** Opening Source material block **

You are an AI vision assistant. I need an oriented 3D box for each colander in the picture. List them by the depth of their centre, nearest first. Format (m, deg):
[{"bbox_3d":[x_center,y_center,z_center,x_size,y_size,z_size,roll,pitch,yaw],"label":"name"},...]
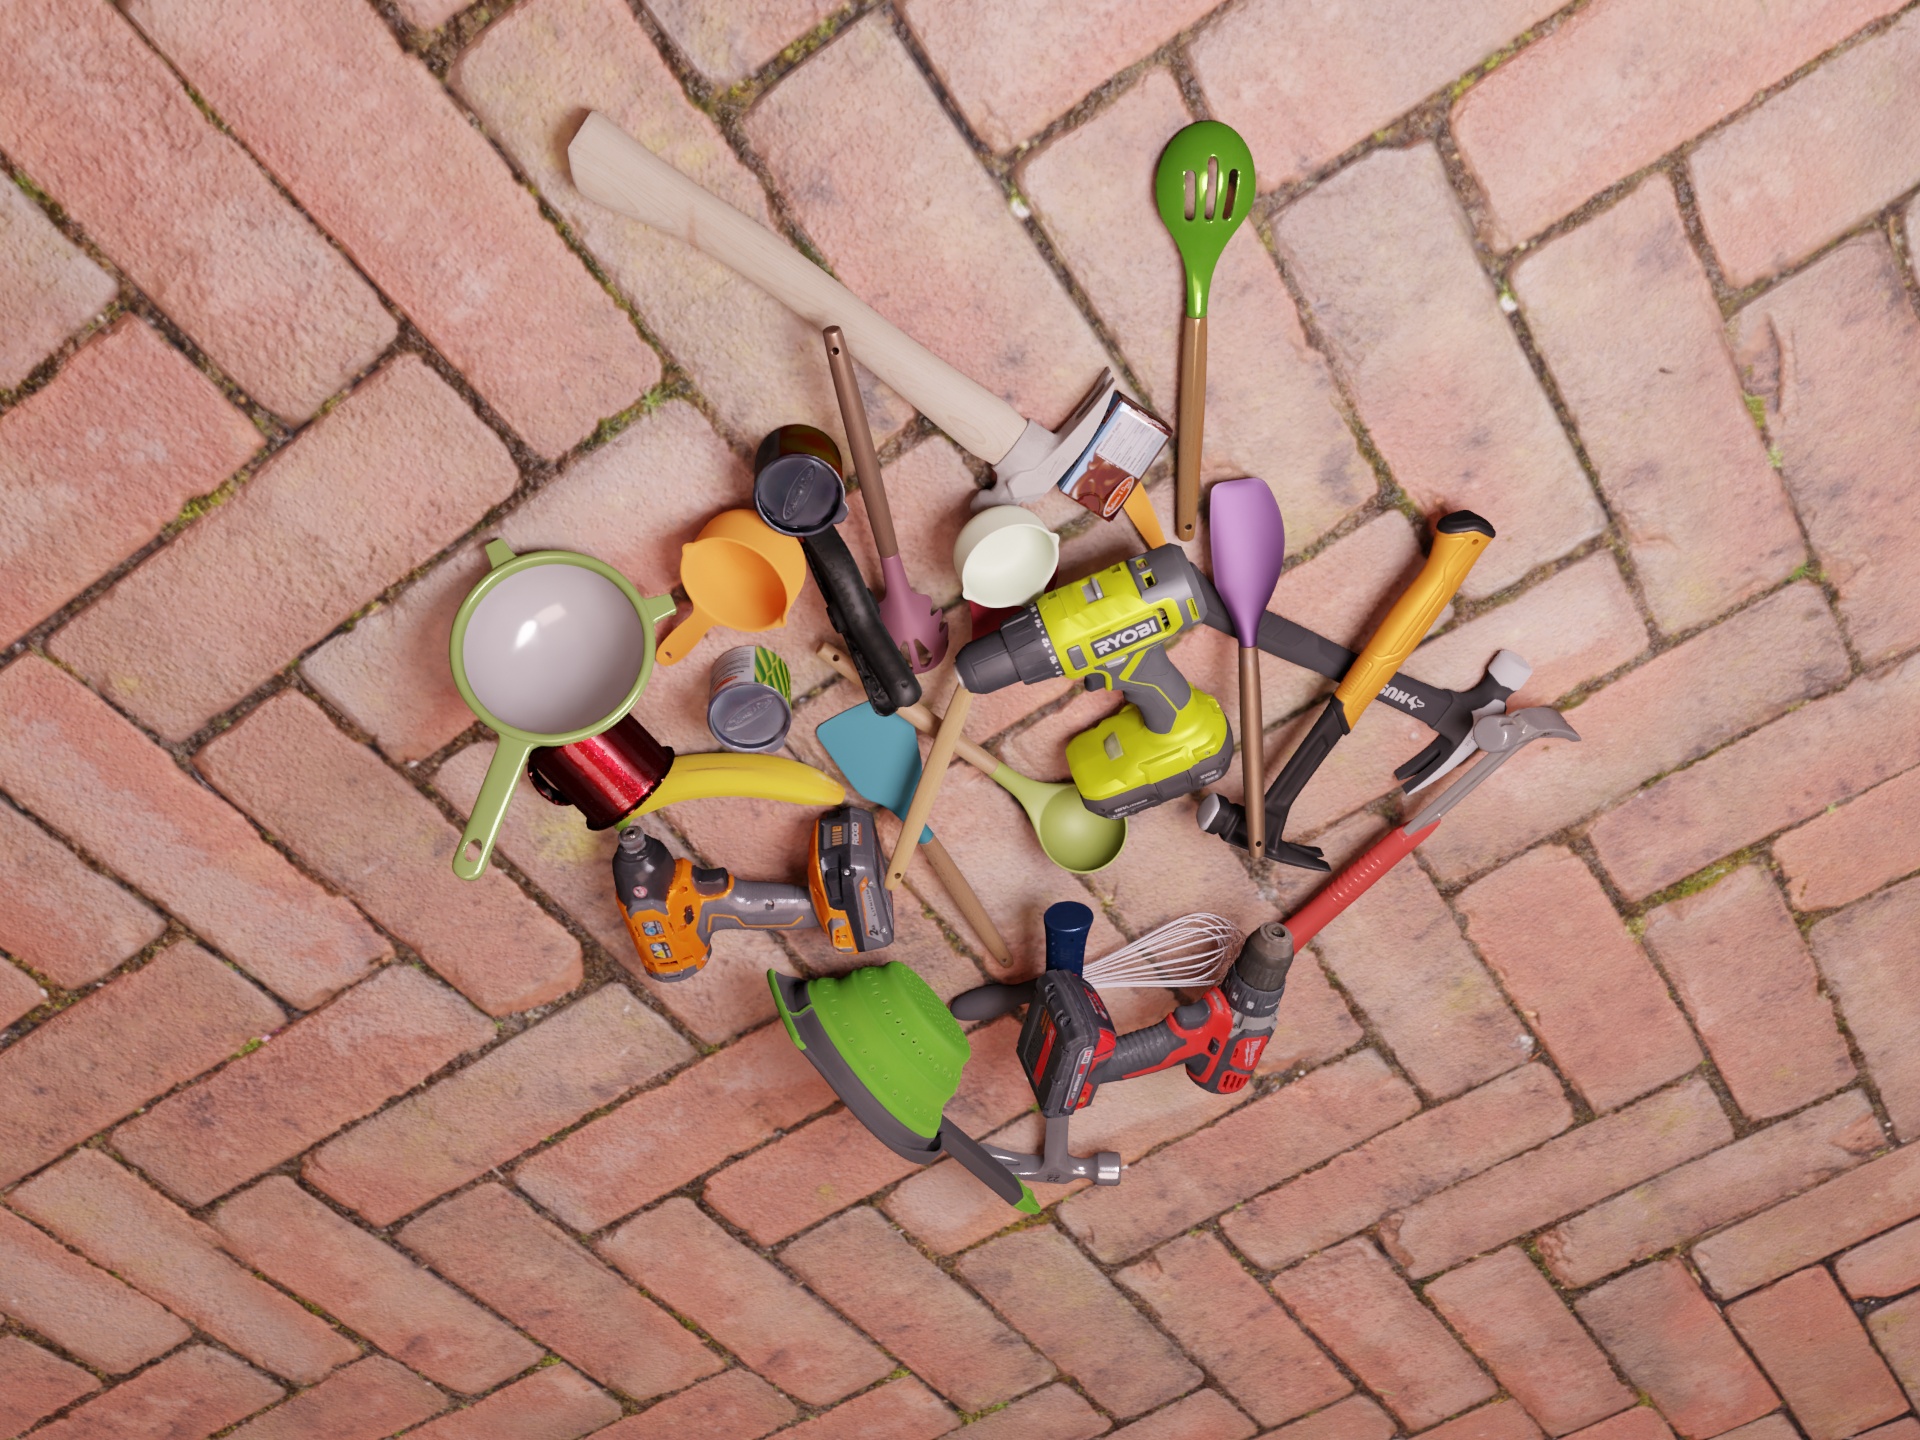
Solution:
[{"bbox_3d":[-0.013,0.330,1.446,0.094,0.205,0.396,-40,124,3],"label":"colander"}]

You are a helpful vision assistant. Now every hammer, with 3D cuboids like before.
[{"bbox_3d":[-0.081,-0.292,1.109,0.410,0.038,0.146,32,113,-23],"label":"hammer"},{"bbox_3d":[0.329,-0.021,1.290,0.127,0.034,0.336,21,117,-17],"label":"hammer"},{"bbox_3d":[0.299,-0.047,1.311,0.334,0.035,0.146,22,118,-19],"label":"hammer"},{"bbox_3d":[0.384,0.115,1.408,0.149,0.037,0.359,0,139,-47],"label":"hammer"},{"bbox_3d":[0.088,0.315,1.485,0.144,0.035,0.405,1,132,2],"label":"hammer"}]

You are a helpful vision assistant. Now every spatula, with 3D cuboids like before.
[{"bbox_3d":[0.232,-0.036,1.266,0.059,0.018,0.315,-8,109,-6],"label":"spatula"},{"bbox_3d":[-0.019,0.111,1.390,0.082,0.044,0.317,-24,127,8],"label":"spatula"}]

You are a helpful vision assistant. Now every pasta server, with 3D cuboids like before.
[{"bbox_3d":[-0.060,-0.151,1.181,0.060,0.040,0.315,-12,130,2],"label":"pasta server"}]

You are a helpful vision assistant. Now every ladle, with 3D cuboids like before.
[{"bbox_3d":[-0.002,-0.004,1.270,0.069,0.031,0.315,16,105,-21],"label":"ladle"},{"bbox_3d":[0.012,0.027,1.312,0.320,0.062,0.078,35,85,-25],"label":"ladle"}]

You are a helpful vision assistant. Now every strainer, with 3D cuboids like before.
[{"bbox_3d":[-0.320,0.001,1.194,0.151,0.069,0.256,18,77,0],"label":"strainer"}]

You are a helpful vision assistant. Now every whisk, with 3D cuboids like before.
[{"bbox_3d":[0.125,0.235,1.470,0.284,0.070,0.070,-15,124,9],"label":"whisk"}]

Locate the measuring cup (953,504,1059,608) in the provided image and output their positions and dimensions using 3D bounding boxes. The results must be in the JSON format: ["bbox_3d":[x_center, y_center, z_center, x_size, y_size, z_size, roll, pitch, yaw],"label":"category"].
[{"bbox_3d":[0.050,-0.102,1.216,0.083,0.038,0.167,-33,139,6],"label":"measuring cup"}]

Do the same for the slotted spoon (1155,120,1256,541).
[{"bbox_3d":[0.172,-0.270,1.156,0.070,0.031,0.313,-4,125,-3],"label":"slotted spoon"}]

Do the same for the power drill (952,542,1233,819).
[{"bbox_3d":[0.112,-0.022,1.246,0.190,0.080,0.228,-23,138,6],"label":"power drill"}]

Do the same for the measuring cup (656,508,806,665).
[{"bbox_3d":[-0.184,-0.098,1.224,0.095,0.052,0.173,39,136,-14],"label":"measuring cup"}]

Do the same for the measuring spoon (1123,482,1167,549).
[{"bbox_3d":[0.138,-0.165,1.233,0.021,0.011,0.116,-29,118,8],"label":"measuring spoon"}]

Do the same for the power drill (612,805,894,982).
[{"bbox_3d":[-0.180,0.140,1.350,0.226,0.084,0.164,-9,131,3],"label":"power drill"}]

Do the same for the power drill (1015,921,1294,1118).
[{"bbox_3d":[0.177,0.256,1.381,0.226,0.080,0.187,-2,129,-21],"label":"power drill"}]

** Closing Source material block **

§ What is expected
What is needed is an exact copy of the lines from the one containing "Do the same for the measuring spoon" through the last line of the records, and nothing else.

§ Worked solution
Do the same for the measuring spoon (1123,482,1167,549).
[{"bbox_3d":[0.138,-0.165,1.233,0.021,0.011,0.116,-29,118,8],"label":"measuring spoon"}]

Do the same for the power drill (612,805,894,982).
[{"bbox_3d":[-0.180,0.140,1.350,0.226,0.084,0.164,-9,131,3],"label":"power drill"}]

Do the same for the power drill (1015,921,1294,1118).
[{"bbox_3d":[0.177,0.256,1.381,0.226,0.080,0.187,-2,129,-21],"label":"power drill"}]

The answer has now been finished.